• _WHAT IS EXPECTED_: From the entries that follow, copy each line containing the word "linetype".

• _INFORMATION GIVEN_:
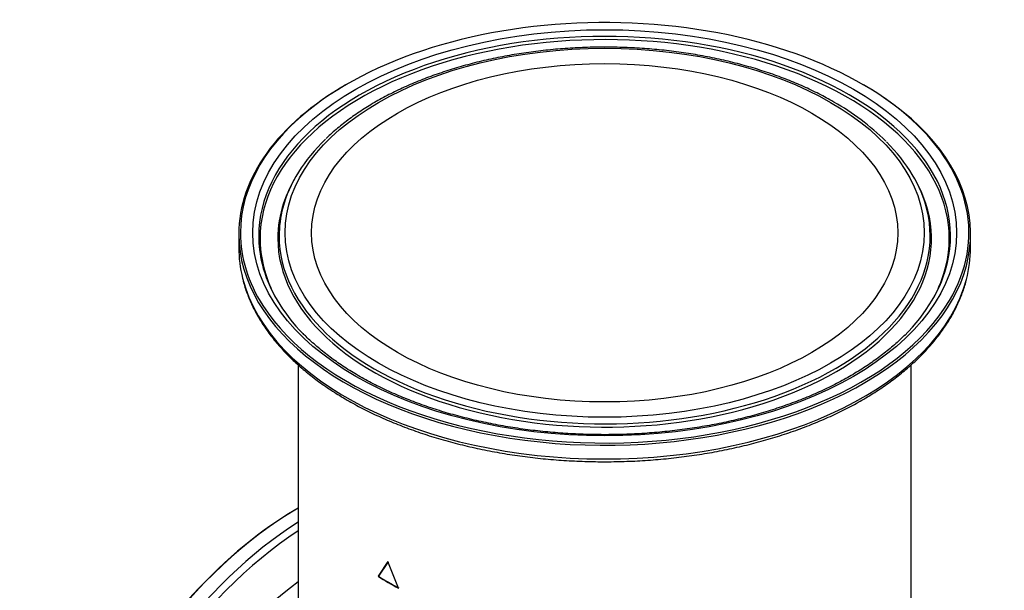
# Paper-space layout 'Invenitec-A4' of a CAD drawing. Header units: millimetres. Extents: x -51 to 244, y -44 to 247.
# Tile 7 of 8: x 166 to 209, y 155 to 180. Entities that reach past the tile are written whole.
import ezdxf

# ---------------------------------------------------------------- set-up
doc = ezdxf.new("R2010")
doc.units = ezdxf.units.MM
doc.layers.add('Default', color=7, linetype='Continuous')
doc.layers.add('FET-30T-30T', color=7, linetype='Continuous')

# ---------------------------------------------------------------- blocks, each defined once
blk = doc.blocks.new('SE1')
at = {"layer": 'FET-30T-30T', "color": 7, "linetype": 'Continuous'}
for p, q in [((229.655, 132.087), (229.601, 131.988)), ((256.741, 131.988), (256.687, 132.087)), ((227.246, 129.714), (227.246, 129.117)), ((259.096, 129.117), (259.096, 129.714)), ((229.836, 124.019), (229.836, 104.806)), ((256.506, 104.806), (256.506, 124.017)), ((233.741, 115.457), (233.309, 114.815)), ((233.744, 115.45), (233.322, 114.821)), ((234.2, 114.301), (233.741, 115.457)), ((233.322, 114.821), (233.309, 114.815))]:
    blk.add_line(p, q, dxfattribs=at)
blk.add_arc((247.901, 126.151), 10.69, 45.4241, 60.6049, dxfattribs=at)
for centre, major_axis, start_param, end_param in [((243.171, 129.771), (-15.855, 0), 3.709106, 5.625931), ((243.171, 129.632), (-15.056, 0), 3.008174, 6.283185), ((243.171, 129.523), (-14.999, 0), 2.928969, 6.283185), ((243.171, 129.714), (-15.925, 0), 5.495547, 6.283185), ((243.171, 129.714), (-15.925, 0), 0, 3.926991), ((243.171, 129.771), (-15.855, 0), 5.625931, 6.283185), ((243.171, 129.771), (-15.855, 0), 2.813766, 3.709106), ((243.171, 129.632), (-14.169, 0), 5.74189, 6.132586), ((243.171, 129.632), (-14.169, 0), 3.282243, 3.666467), ((243.171, 129.523), (-14.226, 0), -0.304849, -0.189181), ((243.171, 129.523), (-14.226, 0), 3.327296, 3.446442), ((243.171, 129.523), (-14.226, 0), 6.094004, 6.283185), ((243.171, 129.523), (-14.226, 0), 0, 3.327296), ((243.171, 129.632), (-14.169, 0), 6.132586, 6.283185), ((243.171, 129.632), (-14.169, 0), 0, 3.282243), ((243.171, 129.771), (-15.855, 0), 0, 0.353518), ((243.171, 129.632), (-15.056, 0), 0, 0.13946), ((243.171, 129.523), (-14.999, 0), 0, 0.213256), ((243.171, 129.117), (-15.925, 0), 0, 0.144543), ((243.171, 129.117), (-15.925, 0), 2.991679, 3.141593), ((243.171, 129.632), (-15.056, 0), 0.13946, 0.514774), ((243.171, 129.632), (-15.056, 0), 2.618751, 3.008174), ((243.171, 129.117), (-15.925, 0), 0.144543, 2.991679), ((243.171, 129.523), (-14.999, 0), 0.213256, 0.298851), ((243.171, 129.523), (-14.999, 0), -3.440443, -3.354216), ((243.171, 129.771), (-15.855, 0), 0.353518, 2.813766), ((229.856, 104.794), (-7.962, -13.791), 3.928783, 6.283185), ((229.806, 104.823), (-7.927, -13.731), 3.924376, 5.607953), ((230.373, 104.496), (-7.962, -13.791), 3.974731, 6.139133), ((230.559, 104.388), (-7.87, -13.632), 3.992033, 6.283185), ((231.06, 104.099), (-6.898, -11.947), 4.052803, 6.283185), ((243.171, 119.997), (-13.335, 0), 0.738465, 0.832903), ((243.171, 119.997), (-13.317, 0), 0.738465, 0.832903)]:
    blk.add_ellipse(centre, major_axis=major_axis, ratio=0.57735, start_param=start_param, end_param=end_param, dxfattribs=at)
for major_axis in [(-15.314, 0), (-13.911, 0), (12.757, 0)]:
    blk.add_ellipse((243.171, 129.771), major_axis=major_axis, ratio=0.57735, dxfattribs=at)
for points, knots in [([(253.148, 135.464), (253.027, 135.532), (252.731, 135.7), (252.166, 135.987), (251.484, 136.293), (250.765, 136.577), (250.02, 136.833), (249.25, 137.063), (248.457, 137.265), (247.645, 137.438), (246.816, 137.582), (245.974, 137.697), (245.121, 137.781), (244.262, 137.835), (243.398, 137.858), (242.534, 137.851), (241.672, 137.813), (240.816, 137.745), (239.968, 137.646), (239.132, 137.518), (238.311, 137.36), (237.507, 137.173), (236.725, 136.958), (235.966, 136.715), (235.233, 136.446), (234.53, 136.151), (233.858, 135.831), (233.221, 135.487), (232.621, 135.121), (232.057, 134.733), (231.545, 134.328), (231.201, 134.033), (231.06, 133.888), (231.055, 133.883)], [0, 0, 0, 0, 0.017853, 0.051715, 0.085573, 0.119423, 0.153263, 0.187094, 0.220915, 0.254728, 0.288534, 0.322333, 0.356128, 0.389919, 0.423708, 0.457497, 0.491286, 0.525077, 0.558871, 0.592671, 0.626476, 0.660289, 0.694111, 0.727943, 0.761786, 0.795642, 0.82951, 0.863389, 0.897278, 0.931175, 0.965072, 0.998959, 1, 1, 1, 1]), ([(227.421, 127.748), (227.428, 127.715), (227.469, 127.519), (227.604, 127.126), (227.819, 126.609), (228.092, 126.095), (228.413, 125.591), (228.783, 125.1), (229.202, 124.621), (229.667, 124.158), (230.177, 123.711), (230.73, 123.282), (231.324, 122.873), (231.958, 122.485), (232.629, 122.12), (233.335, 121.777), (234.073, 121.46), (234.84, 121.167), (235.635, 120.901), (236.455, 120.663), (237.297, 120.452), (238.158, 120.27), (239.036, 120.117), (239.927, 119.993), (240.828, 119.9), (241.738, 119.837), (242.652, 119.804), (243.567, 119.802), (244.482, 119.83), (245.392, 119.889), (246.294, 119.979), (247.187, 120.098), (248.066, 120.247), (248.93, 120.426), (249.774, 120.633), (250.597, 120.868), (251.396, 121.13), (252.167, 121.419), (252.909, 121.733), (253.619, 122.072), (254.295, 122.435), (254.935, 122.82), (255.535, 123.227), (256.095, 123.654), (256.612, 124.099), (257.084, 124.562), (257.51, 125.041), (257.888, 125.533), (258.216, 126.038), (258.496, 126.555), (258.718, 127.074), (258.857, 127.469), (258.9, 127.665), (258.907, 127.697)], [0, 0, 0, 0, 0.00332, 0.023308, 0.043338, 0.063421, 0.083558, 0.103746, 0.123977, 0.144243, 0.164535, 0.184845, 0.205165, 0.225491, 0.245818, 0.266143, 0.286464, 0.306781, 0.327093, 0.3474, 0.367702, 0.388001, 0.408295, 0.428586, 0.448875, 0.469162, 0.489448, 0.509733, 0.530019, 0.550305, 0.570593, 0.590882, 0.611174, 0.63147, 0.65177, 0.672075, 0.692385, 0.7127, 0.733022, 0.75335, 0.773683, 0.794022, 0.814364, 0.834707, 0.855047, 0.875378, 0.895692, 0.915983, 0.936239, 0.956452, 0.976614, 0.996719, 1, 1, 1, 1]), ([(256.234, 125.326), (256.154, 125.244), (255.951, 125.038), (255.532, 124.676), (255.011, 124.272), (254.442, 123.882), (253.836, 123.513), (253.191, 123.164), (252.512, 122.837), (251.8, 122.534), (251.057, 122.255), (250.287, 122.001), (249.491, 121.773), (248.674, 121.573), (247.836, 121.401), (246.983, 121.257), (246.115, 121.143), (245.238, 121.058), (244.353, 121.003), (243.463, 120.978), (242.573, 120.983), (241.685, 121.018), (240.802, 121.084), (239.928, 121.179), (239.065, 121.303), (238.216, 121.457), (237.385, 121.639), (236.574, 121.848), (235.787, 122.085), (235.026, 122.348), (234.293, 122.635), (233.592, 122.947), (232.925, 123.281), (232.293, 123.637), (231.701, 124.013), (231.146, 124.408), (230.641, 124.818), (230.265, 125.155), (230.094, 125.336), (230.047, 125.386)], [0, 0, 0, 0, 0.014214, 0.042143, 0.070051, 0.097948, 0.125841, 0.153734, 0.18163, 0.209531, 0.237439, 0.265354, 0.293277, 0.321207, 0.349144, 0.377086, 0.405033, 0.432984, 0.460937, 0.488893, 0.516849, 0.544805, 0.57276, 0.600712, 0.628661, 0.656604, 0.684543, 0.712474, 0.740398, 0.768314, 0.796221, 0.824118, 0.852007, 0.879888, 0.907762, 0.935632, 0.963501, 0.991376, 1, 1, 1, 1])]:
    blk.add_open_spline(points, degree=3, knots=knots, dxfattribs=at)

psp = doc.layouts.new('Invenitec-A4')

# ---------------------------------------------------------------- block references
at = {"layer": 'Default'}
psp.add_blockref('SE1', (-51.3003, 41.2022), dxfattribs=at)

doc.saveas('drawing.dxf')

• _EXERCISE SOLUTION_:
doc.layers.add('Default', color=7, linetype='Continuous')
doc.layers.add('FET-30T-30T', color=7, linetype='Continuous')
at = {"layer": 'FET-30T-30T', "color": 7, "linetype": 'Continuous'}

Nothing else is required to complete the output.